Task to complete
Go through the entries below line by line and count those containing "oriented"; the answer is that count alone.
________
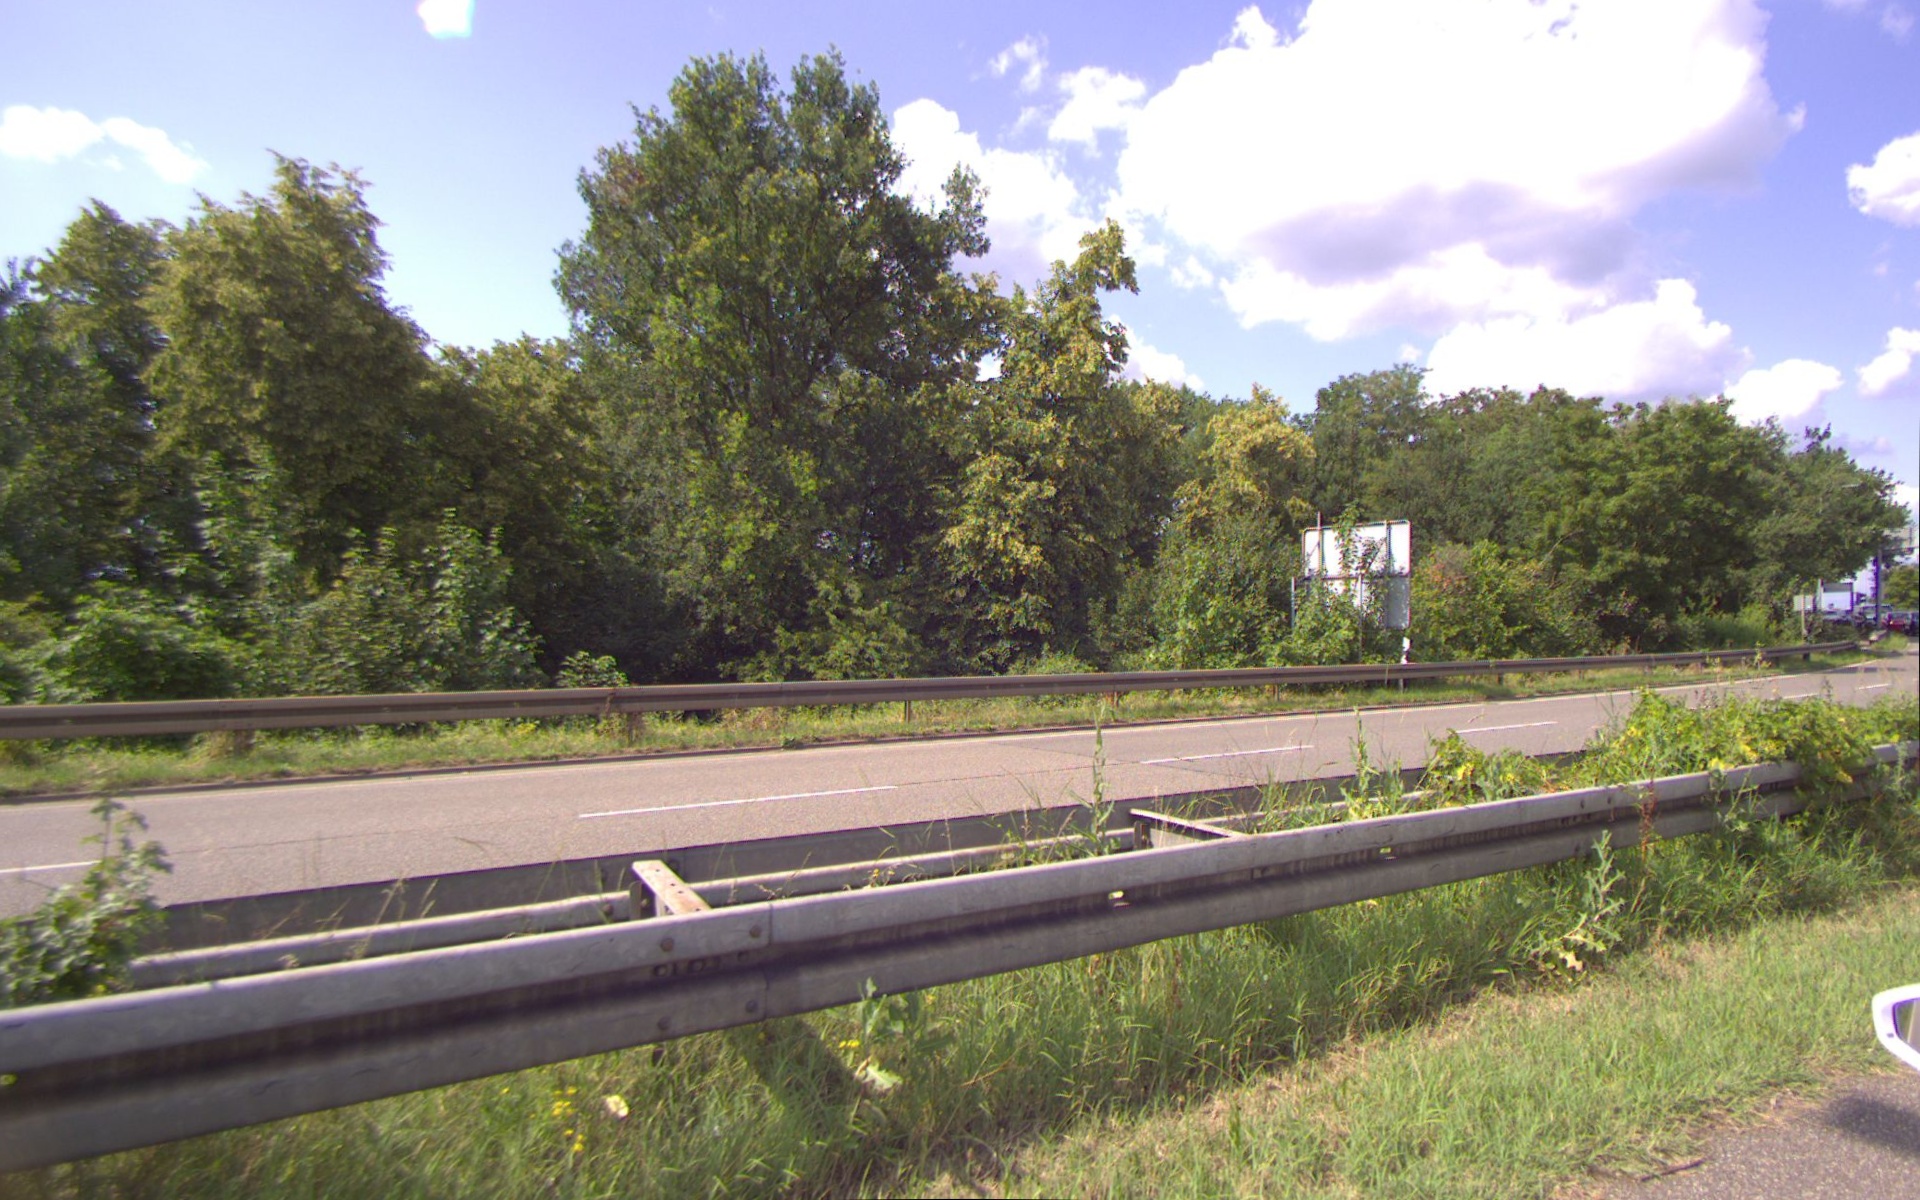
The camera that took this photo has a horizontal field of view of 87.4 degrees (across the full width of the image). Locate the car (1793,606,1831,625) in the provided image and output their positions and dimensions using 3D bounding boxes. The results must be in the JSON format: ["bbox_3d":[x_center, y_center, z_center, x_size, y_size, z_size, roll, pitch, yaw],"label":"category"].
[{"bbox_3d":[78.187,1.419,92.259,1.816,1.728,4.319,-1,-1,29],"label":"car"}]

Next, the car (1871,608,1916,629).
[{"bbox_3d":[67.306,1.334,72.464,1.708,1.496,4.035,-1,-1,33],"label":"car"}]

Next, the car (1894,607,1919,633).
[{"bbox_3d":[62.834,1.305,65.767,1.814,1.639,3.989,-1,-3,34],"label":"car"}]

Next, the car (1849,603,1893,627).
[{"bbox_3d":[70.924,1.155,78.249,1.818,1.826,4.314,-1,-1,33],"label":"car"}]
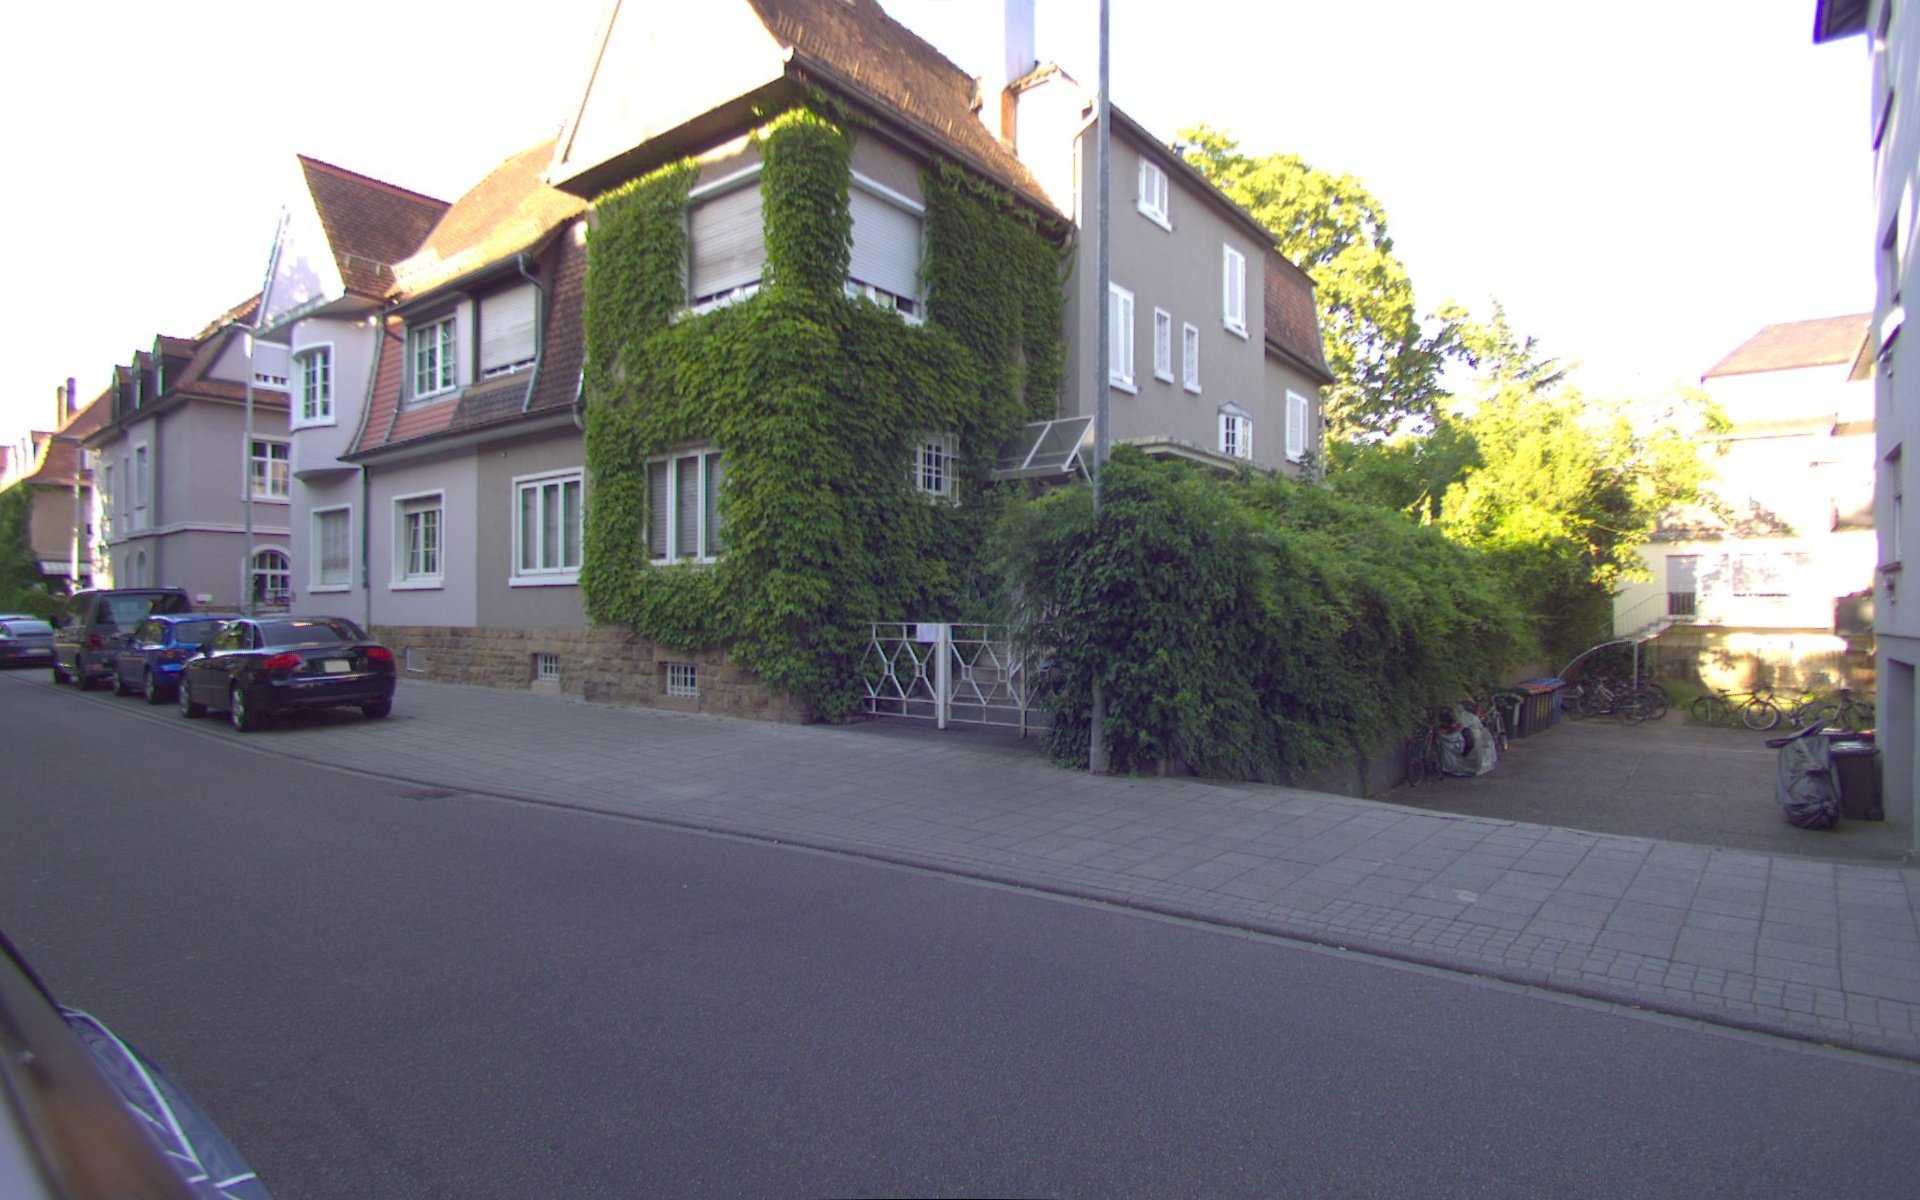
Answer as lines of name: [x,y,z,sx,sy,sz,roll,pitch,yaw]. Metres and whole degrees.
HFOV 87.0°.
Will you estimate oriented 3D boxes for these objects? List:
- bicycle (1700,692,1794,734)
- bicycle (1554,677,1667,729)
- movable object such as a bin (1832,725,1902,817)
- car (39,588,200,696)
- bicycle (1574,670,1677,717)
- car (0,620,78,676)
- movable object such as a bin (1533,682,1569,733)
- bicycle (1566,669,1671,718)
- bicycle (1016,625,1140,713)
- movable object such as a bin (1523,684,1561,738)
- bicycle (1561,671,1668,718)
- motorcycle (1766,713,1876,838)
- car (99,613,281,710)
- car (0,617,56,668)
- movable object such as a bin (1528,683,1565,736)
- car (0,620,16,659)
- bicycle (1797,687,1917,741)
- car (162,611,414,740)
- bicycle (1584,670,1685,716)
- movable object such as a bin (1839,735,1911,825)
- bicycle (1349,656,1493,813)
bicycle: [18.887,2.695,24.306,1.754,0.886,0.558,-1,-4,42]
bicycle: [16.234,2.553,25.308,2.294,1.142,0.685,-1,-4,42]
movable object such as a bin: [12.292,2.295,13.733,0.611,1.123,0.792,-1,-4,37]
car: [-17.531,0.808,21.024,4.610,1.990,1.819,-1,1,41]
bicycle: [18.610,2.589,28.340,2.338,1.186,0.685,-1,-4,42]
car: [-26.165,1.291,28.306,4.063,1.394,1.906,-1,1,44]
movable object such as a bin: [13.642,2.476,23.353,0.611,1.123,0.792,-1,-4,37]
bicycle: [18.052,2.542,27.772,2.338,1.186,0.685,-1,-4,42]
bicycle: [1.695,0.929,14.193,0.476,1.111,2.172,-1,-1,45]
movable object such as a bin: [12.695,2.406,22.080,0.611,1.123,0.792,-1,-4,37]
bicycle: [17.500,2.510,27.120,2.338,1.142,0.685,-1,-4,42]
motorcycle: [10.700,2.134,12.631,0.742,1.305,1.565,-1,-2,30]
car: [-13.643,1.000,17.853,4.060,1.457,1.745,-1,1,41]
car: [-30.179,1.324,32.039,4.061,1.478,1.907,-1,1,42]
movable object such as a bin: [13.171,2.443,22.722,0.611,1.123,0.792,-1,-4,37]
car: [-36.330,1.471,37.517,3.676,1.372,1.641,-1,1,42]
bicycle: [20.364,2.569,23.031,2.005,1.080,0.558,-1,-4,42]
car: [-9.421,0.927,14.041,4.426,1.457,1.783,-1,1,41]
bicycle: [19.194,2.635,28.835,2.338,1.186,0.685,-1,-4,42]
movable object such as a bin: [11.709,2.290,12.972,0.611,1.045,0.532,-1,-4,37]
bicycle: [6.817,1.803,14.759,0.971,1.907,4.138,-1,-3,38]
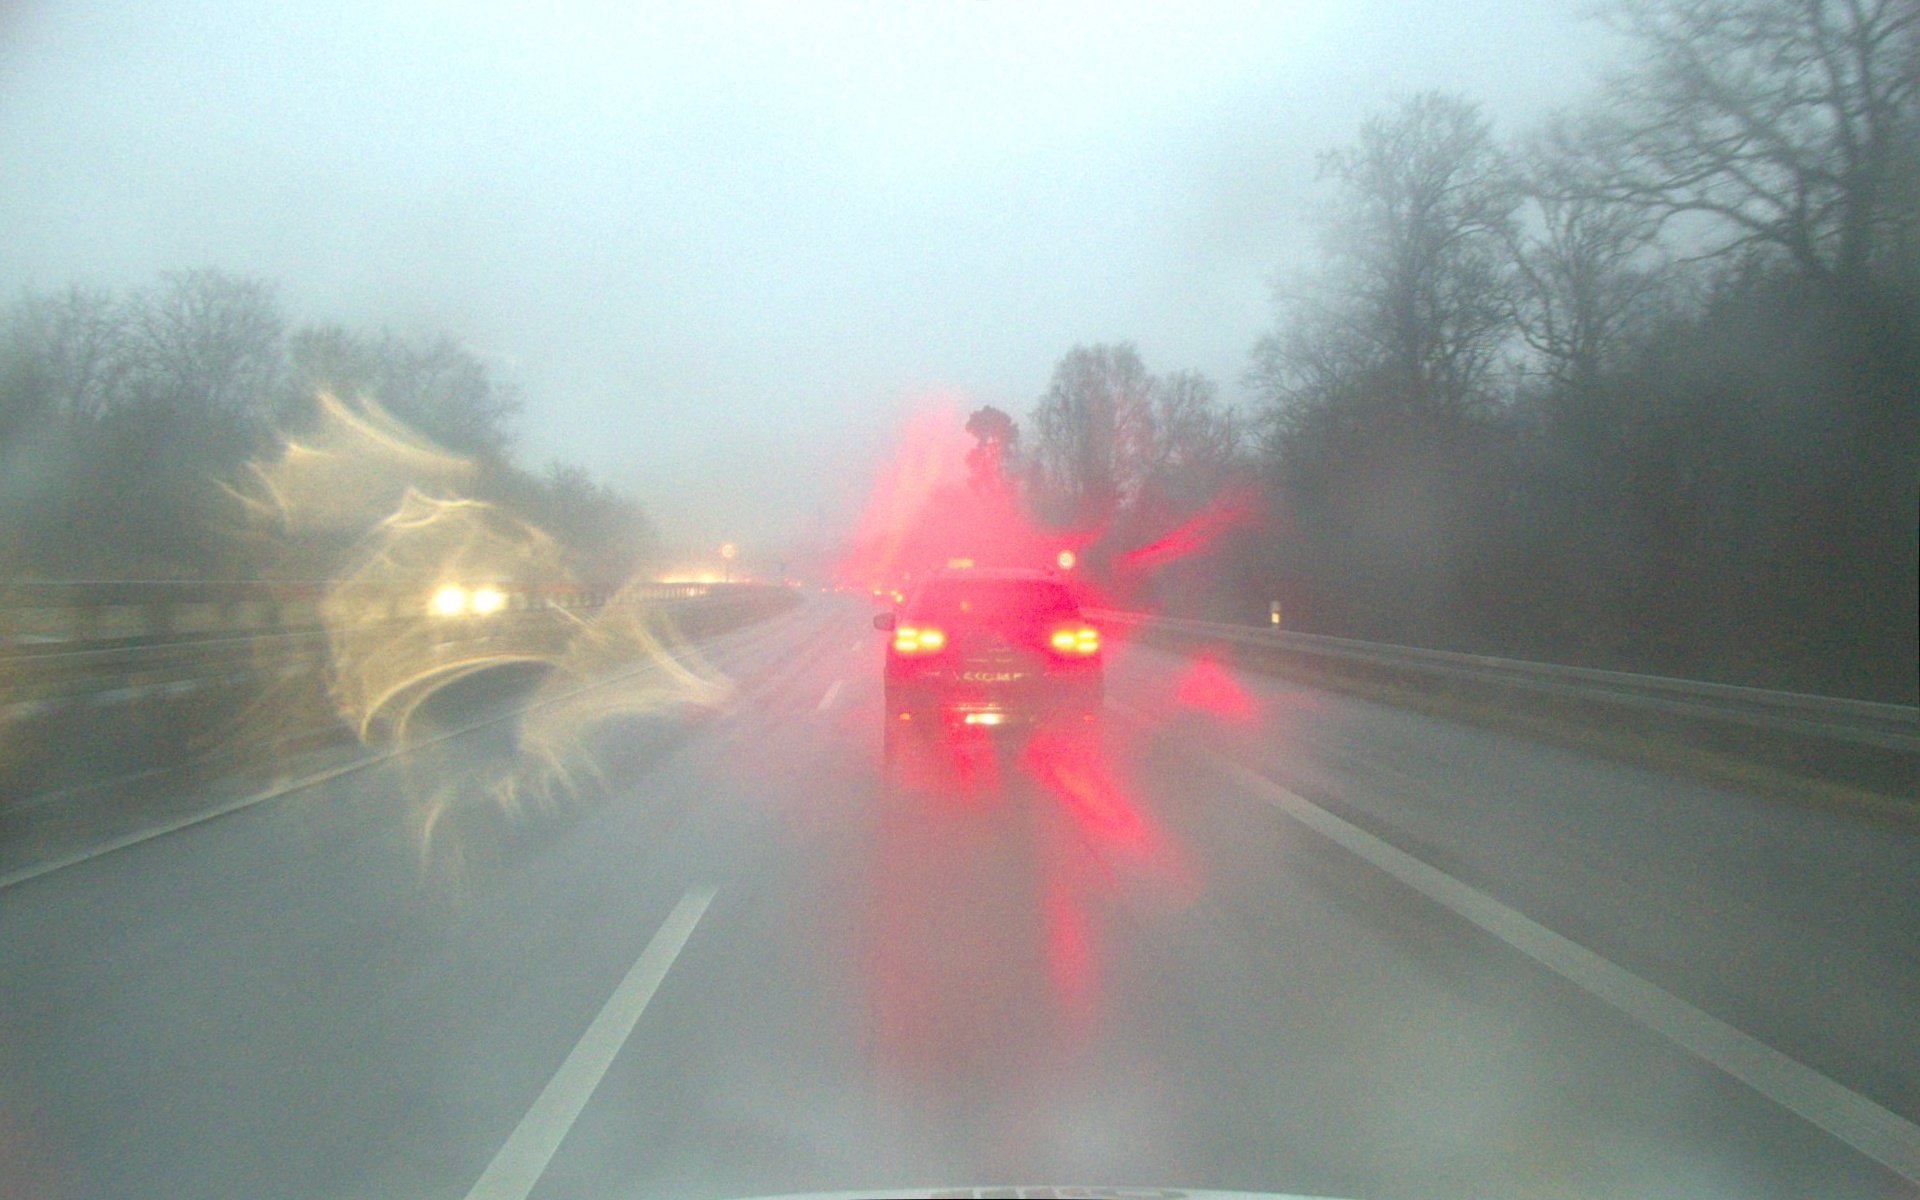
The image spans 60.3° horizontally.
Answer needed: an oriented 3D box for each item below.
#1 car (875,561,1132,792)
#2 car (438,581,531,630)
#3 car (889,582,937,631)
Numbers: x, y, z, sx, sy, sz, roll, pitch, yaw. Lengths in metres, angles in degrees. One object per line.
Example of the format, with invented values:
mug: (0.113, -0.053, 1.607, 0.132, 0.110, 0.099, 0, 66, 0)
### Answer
________
Solution for this problem
2